Während des ersten Lockdowns zog ich zum Arbeiten in unseren Gartenschuppen. Das WIFI-Signal reicht gerade dorthin und auf dem grobschlächtigen Tisch steht ein Monitor, eine mechanische Tastatur und ein Raspberry-Pi. Im Schuppen mache ich nichts anderes als schreiben. Auf dem Pi ist nur VS Code installiert, mit dem ich meine Texte in Markdown schreibe – und in NEO. Kürzlich habe ich mir einen alten „refurbished“ Thinkpad für 180 Dollar gekauft, auf dem ich Ubuntu installiert habe.

Auch auf dem Thinkpad tippe ich auf der wunderbaren Tastatur (genau deswegen habe ich mir einen alten ThinkPad x220 gekauft) mit NEO. In meinem anderen Büro im Haus steht mein Windows-Rechner, der bisher mein Hauptrechner war. Da Windows und NEO nicht richtig zusammenspielen, benutze ich den Computer nur noch für Videokonferenzen und Arbeiten, die nicht besonders schreibintensiv sind. Ansonsten schreibe ich gerade fast alle Texte auf meinem Thinkpad oder auf meinem Raspberry Pi im Schuppen.

Das war jetzt eine lange Einleitung zum Titel. Damit ich hier aber doch noch die Kurve bekomme: Ich habe mich jetzt wieder an NEO gewöhnt und mache nur noch wenige Fehler, die ich blind korrigiere. Ich spüre, wenn ich eine Taste nicht richtig gedrückt habe. Ich tippe die Backspace-Taste und korrigiere. Das ist eine ärgerliche Angewohnheit, denn ich komme dadurch auch aus dem Schreibfluss.
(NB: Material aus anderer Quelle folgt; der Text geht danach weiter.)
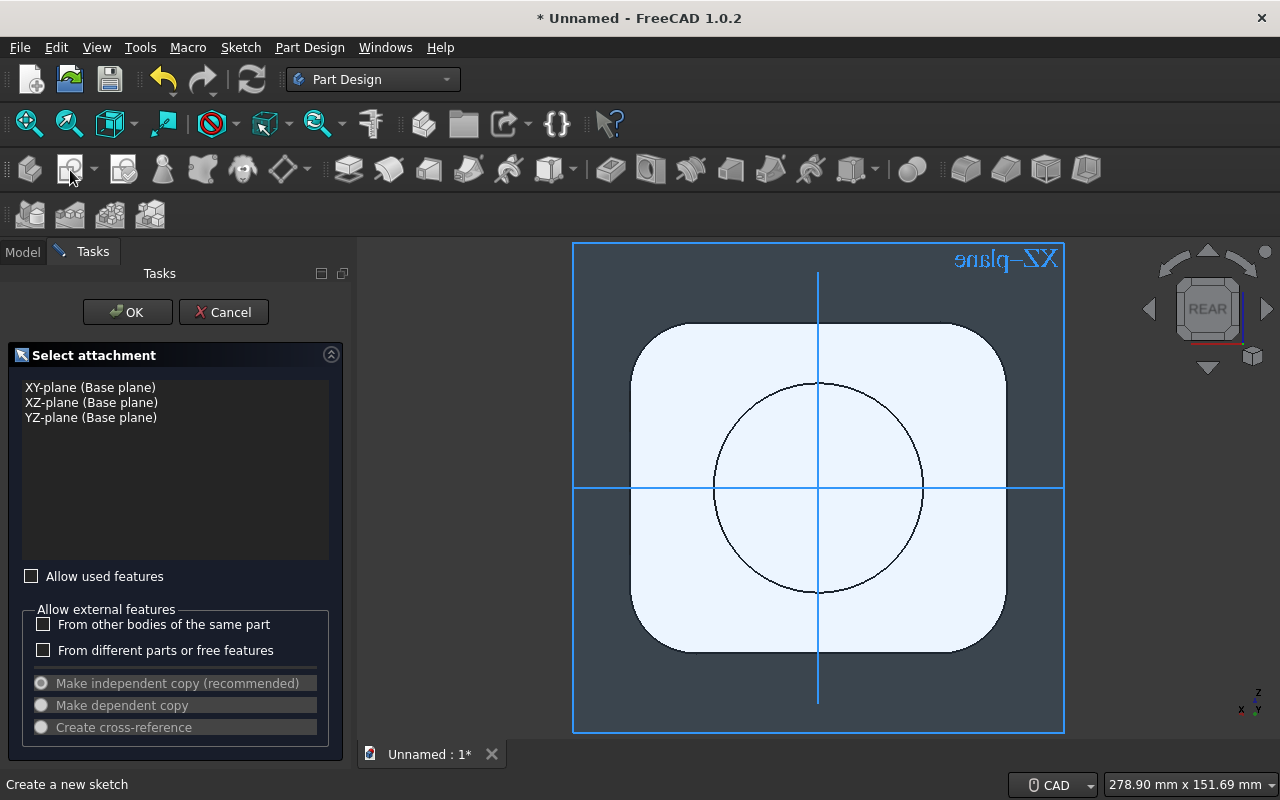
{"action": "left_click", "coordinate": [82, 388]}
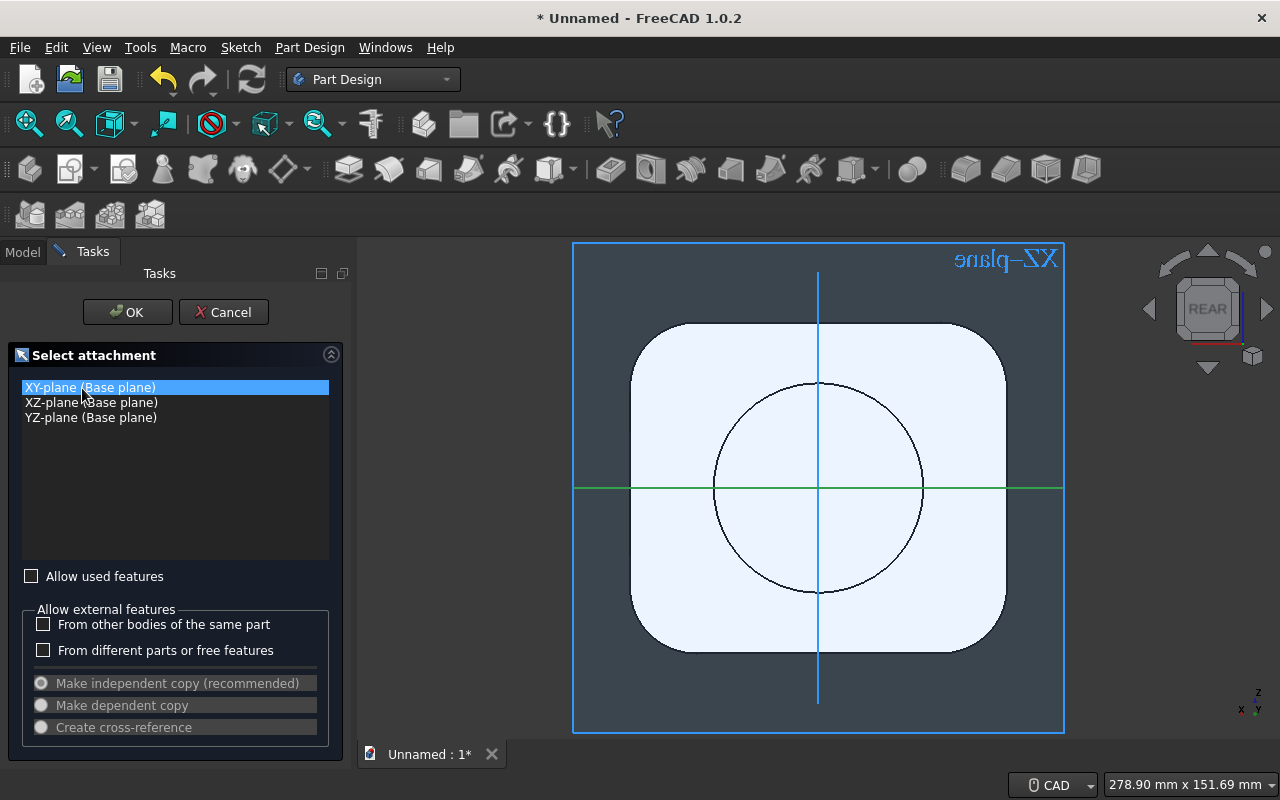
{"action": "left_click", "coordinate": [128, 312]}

Meistens ist es nur ein Tastenvertipper, eine falsche Reihenfolge der Buchstaben, die sich rasant bereinigen lässt, wenn ich mit einer Rechtschreibprüfung – Teil meiner Definition of Done – darüberfahre. Deswegen habe ich mir nur vorgenommen, dass ich die Rechtschreibfehler in Kauf nehme und nicht zurückschaue. Die Backspace-Taste ist nicht direkt verboten, aber ich will sie nur noch in den äußersten Notfällen benutzen. Wenn so richtig etwas daneben geht, zum Beispiel. Seit ich meiner Tippkunst und mir vertraue und mich mehr auf das Tippen konzentriere, bin ich schneller und auch akkurater auf der Tastatur.

Und so sollten wir auch im Leben die Backspace-Taste vergessen. Wir können nicht mehr zurück, nichts mehr korrigieren. Vielleicht sollten wir damit leben, dass mal etwas nicht perfekt ist und einfach weitermachen, weil das Leben perfekt ist so wie es ist und kleine Mängel das Leben nicht so beeinflussen wie das andere und wir selbst uns einreden. Deswegen: einfach weiterschreiben und weiterleben. Ganz ohne Backspace-Taste.